To identify the conserved regions in the MitOS components, including the Mitofilin domain, apolipoprotein-o–like domains, and conserved domains of unknown function (DUF), the amino acid sequences were subject to alignments with Protein Homology/analogY Recognition Engine (PHYRE) and the Conserved Domain Database (Kelley and Sternberg, 2009; Marchler-Bauer et al., 2011). Analysis with COILS predicted regions in Fcj1, Aim13, Aim37, and Mos2 that are likely to form coiled coils (scores of 1.0, 1.0, 0.6, and 0.5, respectively; Lupas et al., 1991). Regions of the protein likely to form transmembrane domains were predicted by the HMMTOP transmembrane prediction server (Tusnády and Simon, 1998, 2001).
Protease protection analysis
Mitochondria (50 µg of total mitochondrial protein) were resuspended in 500 µl of NMIB buffer (0.6 M sorbitol, 5 mM MgCl2, 50 mM KCl, 0.1 M KOAc, and 20 mM Hepes-KOH, pH 7.4), mitoplast buffer (20 mM Hepes-KOH, pH 7.4), or solubilizing buffer (0.6 M sorbitol, 5 mM MgCl2, 50 mM KCl, 0.1 M KOAc, 20 mM Hepes-KOH, pH 7.4, and 1% Triton X-100). After a 15-min incubation on ice, mitochondrial outer membranes in the mitoplast samples were disrupted by gently pipetting up and down 15 times. Trypsin was added to the indicated samples to a final concentration of 100 µg/ml, and samples were incubated on ice for 15 min. The reaction was stopped by adding 2 mM PMSF and incubating on ice for 5 min. Mitochondria from the supernatant were collected by centrifugation at 16,000 g for 10 min at 4°C. The pellets of the intact mitochondria were resuspended in NMIB containing 2 mM PMSF, and all protein, including solubilized samples and mitoplast supernatants, were subjected to precipitation by the addition of 12.5% TCA. The proteins were pelleted by centrifugation at 16,000 g for 10 min at 4°C, washed with acetone, dried, and resuspended in SDS sample buffer. The samples were analyzed by SDS-PAGE and Western blotting. The following antibodies were used: mouse α-FLAG (1:1,000; Sigma-Aldrich), rabbit α-Ugo1 (1:1,000; Hoppins et al., 2009), rabbit α-Tim8 (1:1,000, provided by C. Koehler, University of California, Los Angeles, Los Angeles, CA), and rabbit α-Mgm101 (1:1,000; Meeusen et al., 1999).

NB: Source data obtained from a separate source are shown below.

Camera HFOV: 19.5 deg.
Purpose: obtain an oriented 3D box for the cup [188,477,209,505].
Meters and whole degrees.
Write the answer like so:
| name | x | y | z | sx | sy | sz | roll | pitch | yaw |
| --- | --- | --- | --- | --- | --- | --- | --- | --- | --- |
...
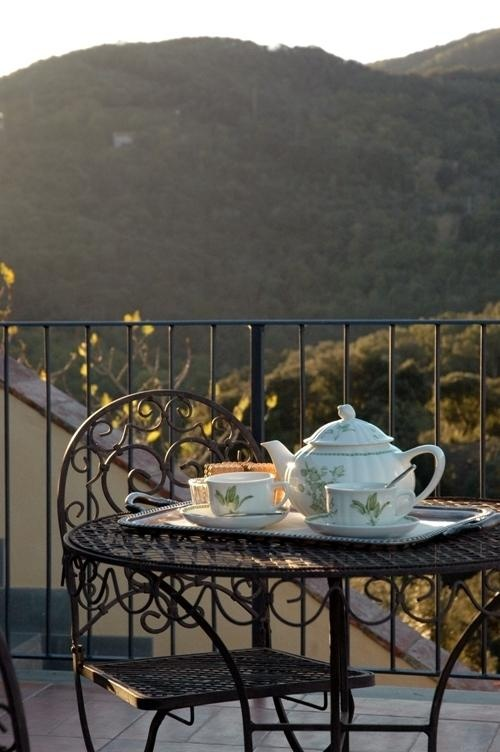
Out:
| name | x | y | z | sx | sy | sz | roll | pitch | yaw |
| --- | --- | --- | --- | --- | --- | --- | --- | --- | --- |
| cup | -0.136 | 0.305 | 3.831 | 0.064 | 0.072 | 0.065 | -1 | 0 | 0 |

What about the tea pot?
| name | x | y | z | sx | sy | sz | roll | pitch | yaw |
| --- | --- | --- | --- | --- | --- | --- | --- | --- | --- |
| tea pot | 0.279 | 0.262 | 3.860 | 0.462 | 0.366 | 0.366 | -1 | 0 | 16 |

Western blot analysis and quantification
Proteins transferred to nitrocellulose were detected using primary rabbit or mouse antibodies and visualized with the appropriate secondary antibodies conjugated to IRDye (800CW; LI-COR Biosciences). Quantification was performed using the Odyssey Infrared Imaging System (LI-COR Biosciences).
Membrane localization analysis
Mitochondria (50 µg of total mitochondrial protein) were resuspended in 20 mM Hepes-KOH, pH 7.4, to a final concentration of 1 mg/ml. An equal volume of 0.2 M sodium carbonate was added and samples were incubated on ice for 30 min and subsequently centrifuged for 60 min at 100,000 g at 4°C. Proteins in the supernatant were precipitated by treatment with 12.5% TCA followed by centrifugation for 10 min at 16,000 g at 4°C. TCA pellets were washed in cold acetone and resuspended in MURB sample buffer (100 mM MES, pH 7, 1% SDS, and 3 M urea). Samples were analyzed by SDS-PAGE and Western blotting as described in “Protease protection analysis.”
Whole cell extract preparation
Cells were grown in SD-dextrose to mid-log phase, and 0.5 OD’s of cells were collected and washed with water. Cells were resuspended in 0.255 M NaOH and 1% β-mercaptoethanol, and incubated on ice for 10 min. Proteins were precipitated with 12.5% TCA, pelleted at 16,000 g at 4°C, washed with cold acetone, and resuspended in MURB sample buffer. Samples were analyzed by SDS-PAGE and Western blotted as described in “Protease protection analysis.”
Light microscopy and image processing
Cells were grown to mid-log phase, sonicated in brief, concentrated, and immobilized on microscope slides on a 3% low-melt agarose bed in growth medium. To score mitochondrial morphology (Figs. 5 A and 6, A and B), mito-GFP–expressing cells were viewed with a hybrid spinning disk confocal total internal reflection fluorescence wide-field microscope (3I) equipped with a 100×/1.40 NA oil objective lens (3I; Carl Zeiss) and with a Yokogawa spinning disk head. Light microscopy data from a z stack with 0.3-µm increments were collected at ambient temperature using Cascade back-thinned EM cameras, and a projection of the z stack was generated with 3I software. Images were manipulated in Photoshop (Adobe), making linear adjustments to brightness or contrast.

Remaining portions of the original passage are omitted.